Lol, so more MP will make a blurry image sharp? 

Yes.



Here's one more example, shot with a T1i/500D (9-pt AF). Compare to your previous shots, and hopefully this time my point will sink in.

"Mallard at Sunset"

Rebel T1i, EF 300mm f/4L IS USM, 1/500 s, f/4, ISO 200

Here’s the sharpness of the T3 vs. The T1i, I’m pretty sure the Owl shot with the T3 is focused about as well as possible.

https://www.the-digital-picture.com/Reviews/ISO-12233-Sample-Crops.aspx?Lens=458&Camera=760&Sample=0&FLI=0&API=3&LensComp=458&CameraComp=488&SampleComp=0&FLIComp=0&APIComp=3

Lemme just put it this way.

See the peacock here?

That was with an 18MP EOS 60D (9-point AF, all cross type).

And it's nowhere sharp. Simply because it was out of focus (and the lens didn't help either, it was a crappy Tamron 18-270mm first-generation, shot at 77mm).

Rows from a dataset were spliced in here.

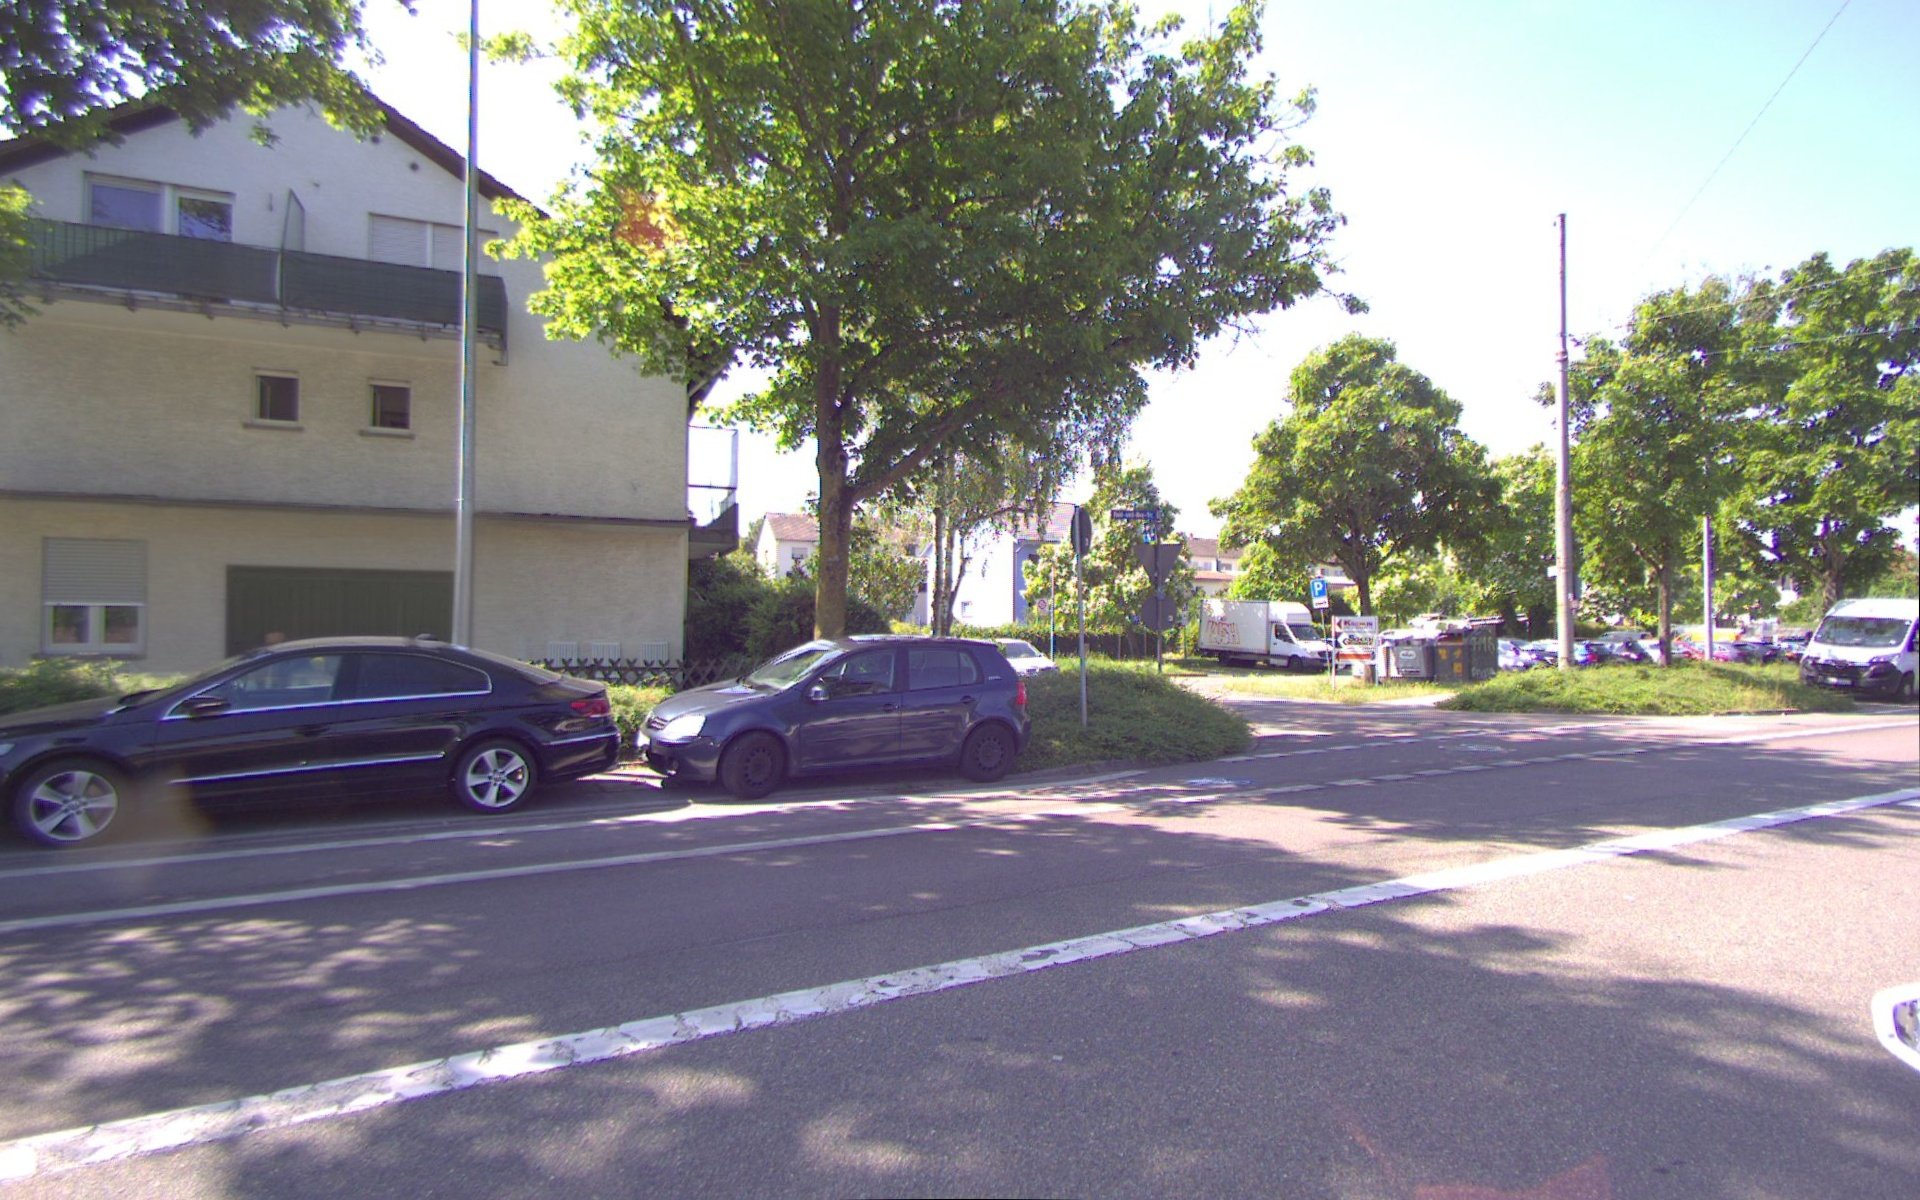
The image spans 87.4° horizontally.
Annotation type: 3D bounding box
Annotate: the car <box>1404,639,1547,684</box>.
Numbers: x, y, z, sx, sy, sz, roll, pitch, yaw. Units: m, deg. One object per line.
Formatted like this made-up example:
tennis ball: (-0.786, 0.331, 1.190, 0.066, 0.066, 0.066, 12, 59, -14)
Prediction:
car: (17.318, 2.074, 33.915, 1.712, 1.434, 3.964, 2, -4, -33)

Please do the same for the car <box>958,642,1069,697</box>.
car: (1.435, 1.940, 28.407, 1.704, 1.434, 3.983, 1, -3, -20)

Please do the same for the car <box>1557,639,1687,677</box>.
car: (26.325, 2.325, 40.077, 1.712, 1.434, 3.964, 2, -4, -33)

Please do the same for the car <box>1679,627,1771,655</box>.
car: (54.416, 2.901, 71.542, 2.043, 1.811, 4.762, 2, 0, -34)

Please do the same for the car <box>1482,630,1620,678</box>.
car: (21.408, 1.969, 36.503, 1.712, 1.631, 3.964, 2, -4, -33)

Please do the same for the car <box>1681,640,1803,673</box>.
car: (34.914, 2.528, 44.960, 1.712, 1.434, 3.964, 2, -4, -33)

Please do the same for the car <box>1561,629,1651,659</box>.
car: (44.510, 2.986, 69.293, 2.043, 1.811, 4.762, 2, 0, -34)

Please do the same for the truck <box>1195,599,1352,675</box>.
truck: (14.428, 1.613, 46.801, 2.646, 3.151, 6.967, 1, 0, -30)

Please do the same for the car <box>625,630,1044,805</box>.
car: (-1.277, 1.092, 10.477, 3.988, 1.462, 1.718, 1, 0, -28)

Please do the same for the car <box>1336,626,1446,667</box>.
car: (21.662, 2.322, 50.689, 2.043, 1.811, 4.762, 2, 0, -34)

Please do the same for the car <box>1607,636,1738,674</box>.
car: (28.837, 2.239, 40.758, 1.712, 1.434, 3.964, 2, -4, -33)

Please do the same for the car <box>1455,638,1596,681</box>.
car: (19.689, 2.073, 35.118, 1.712, 1.434, 3.964, 2, -4, -33)

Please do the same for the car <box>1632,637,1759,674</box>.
car: (30.735, 2.331, 42.080, 1.712, 1.434, 3.964, 2, -4, -33)

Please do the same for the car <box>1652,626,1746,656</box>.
car: (50.471, 2.768, 68.668, 2.043, 1.811, 4.762, 2, 0, -34)

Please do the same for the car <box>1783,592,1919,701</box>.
car: (23.788, 1.138, 25.771, 5.745, 2.550, 2.114, 1, 0, -29)

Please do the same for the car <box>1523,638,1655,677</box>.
car: (24.165, 2.210, 38.710, 1.712, 1.434, 3.964, 2, -4, -33)

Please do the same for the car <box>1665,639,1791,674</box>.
car: (33.157, 2.443, 43.450, 1.712, 1.434, 3.964, 2, -4, -33)

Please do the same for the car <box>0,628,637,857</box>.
car: (-5.239, 1.003, 8.358, 4.568, 1.434, 1.854, 1, 0, -31)

That bird with the 100mm macro was actually further away, mind you (and with the same camera too, but downsampled to a lower resolution).

Waste your money if you must on a better body, it's your money after all. I'm just telling you that a better body won't magically make your shots better. You're far from hitting the limitations of your 1100D/T3.

Here's a sample with a 1100D/T3: https://500px.com/photo/147007539/eurasian-tree-sparrow-by-laura-lehtola

And it's pretty good. Shot at 400mm too, and considering the size of the bird relative to the frame, the distance would've been just as far. Distances with these type of shots wouldn't affect sharpness.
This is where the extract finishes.